The skill issues requests to OpenRouter endpoints using a provider/model identifier like provider/model-name and optional suffixes to adjust behavior (e.g., :online, :thinking). It supports chat completions, streaming SSE reads, tool calling (function definitions and tool_calls), structured JSON schema outputs, provider routing and fallback lists, and plugin-style web search.

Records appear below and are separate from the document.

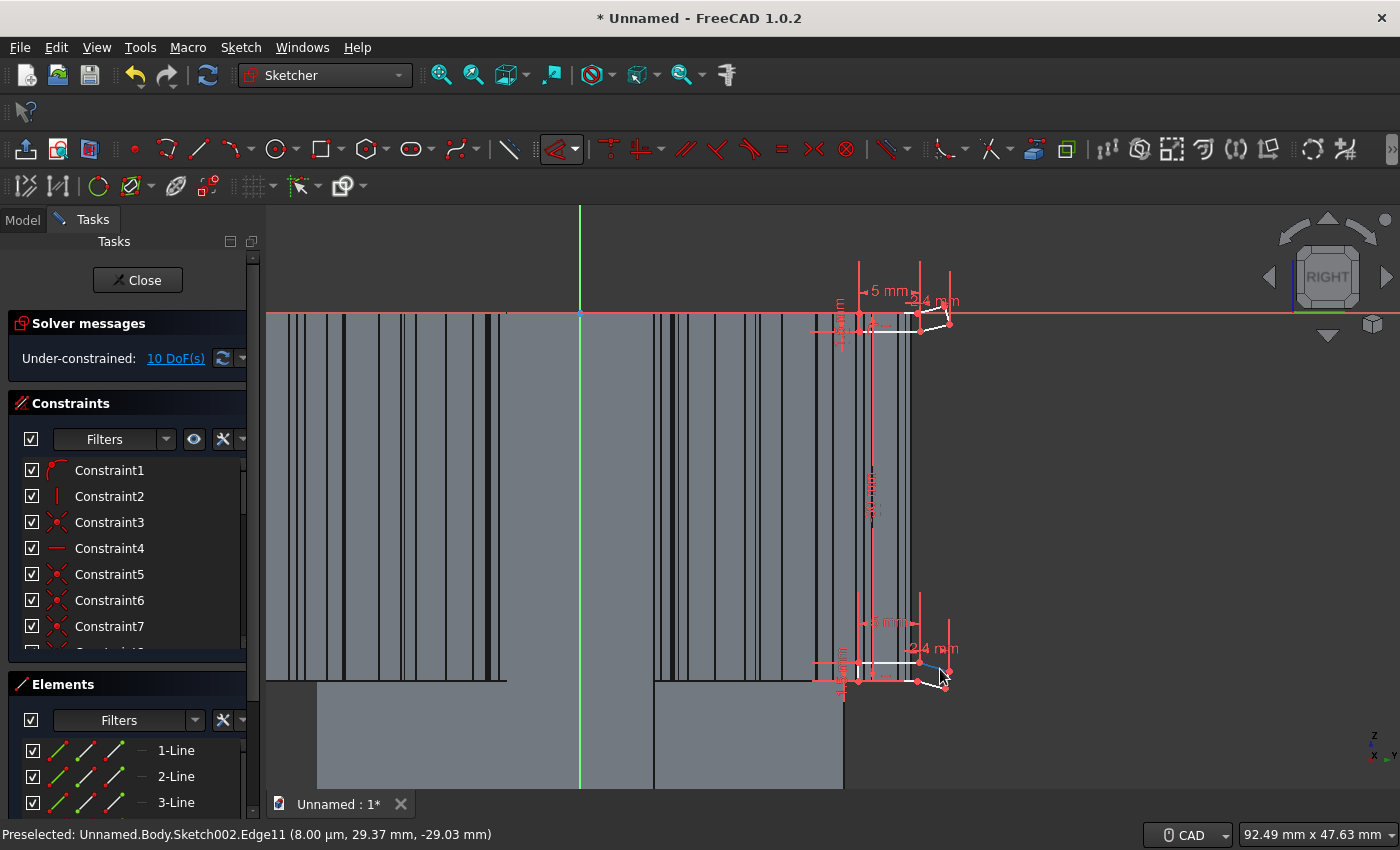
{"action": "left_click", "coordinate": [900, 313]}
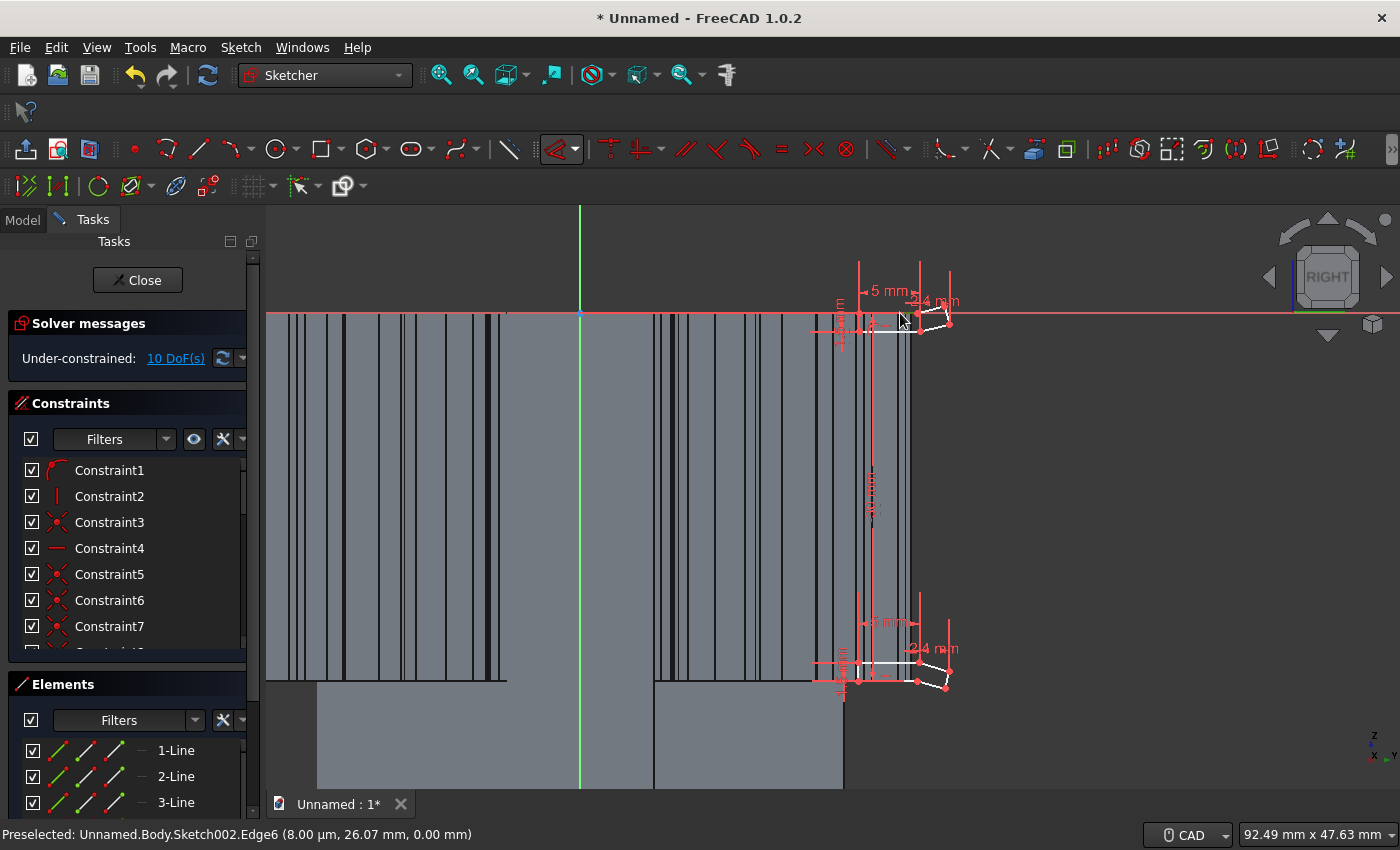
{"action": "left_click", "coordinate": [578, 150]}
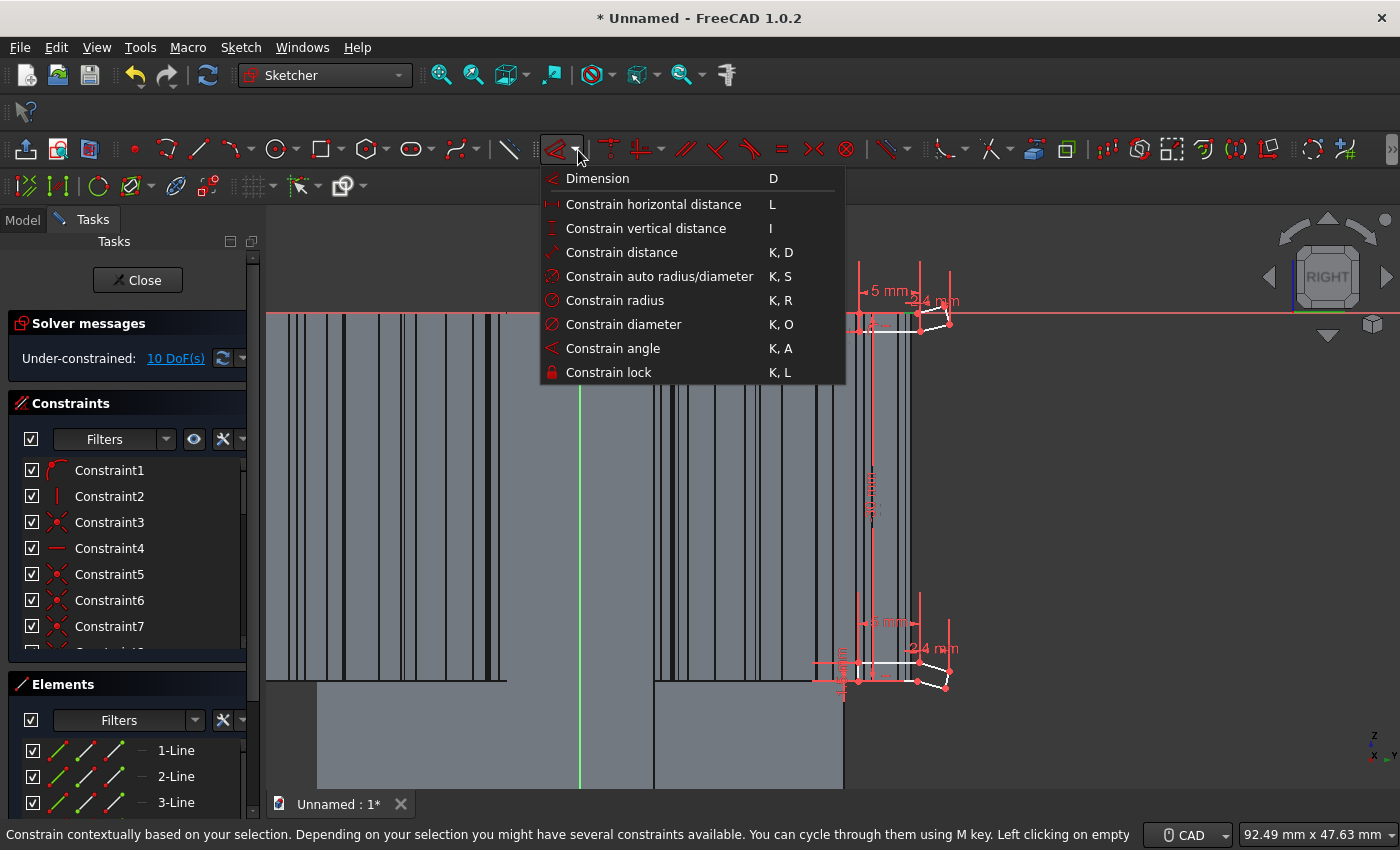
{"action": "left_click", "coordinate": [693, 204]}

Responses and errors follow a consistent OpenAI-compatible format so existing clients and SDKs work with minimal changes.

When to use it

Building apps that must access multiple LLM providers through one API
Needing provider routing, priority/fallback rules, or cost/latency sorting
Implementing streaming chat, tool/function calling, or structured outputs
Adding web search or online models without bespoke provider integrations
Enforcing privacy controls like zero data retention or disallowing collection

Best practices

Specify providers and allow_fallbacks to ensure high availability
Use model suffixes to tune behavior (e.g., :online for web, :thinking for reasoning)
Stream large responses via SSE and handle incremental delta messages
Define strict response_format json_schema for reliable downstream parsing
Monitor status codes (401, 402, 429, 502, 503) and implement retry/backoff

Example use cases

Multi-provider chatbot that falls back from premium to cheaper models on overload
Agent that calls local functions/tools and returns structured JSON results
Real-time streaming assistant that renders token deltas as they arrive
Search-enabled assistant using :online models or web plugin integration
Routing requests by price, latency, or zero-data-retention policy

FAQ

How do I pick a model?

Use the provider/model-name format and add suffixes to change behavior; test models for cost, latency, and quality and use provider.order or models fallback lists to control selection.

How should I handle streaming responses?

Request stream: true, read the response body reader, parse SSE-style chunks and extract delta content, and implement cancellation and backpressure handling.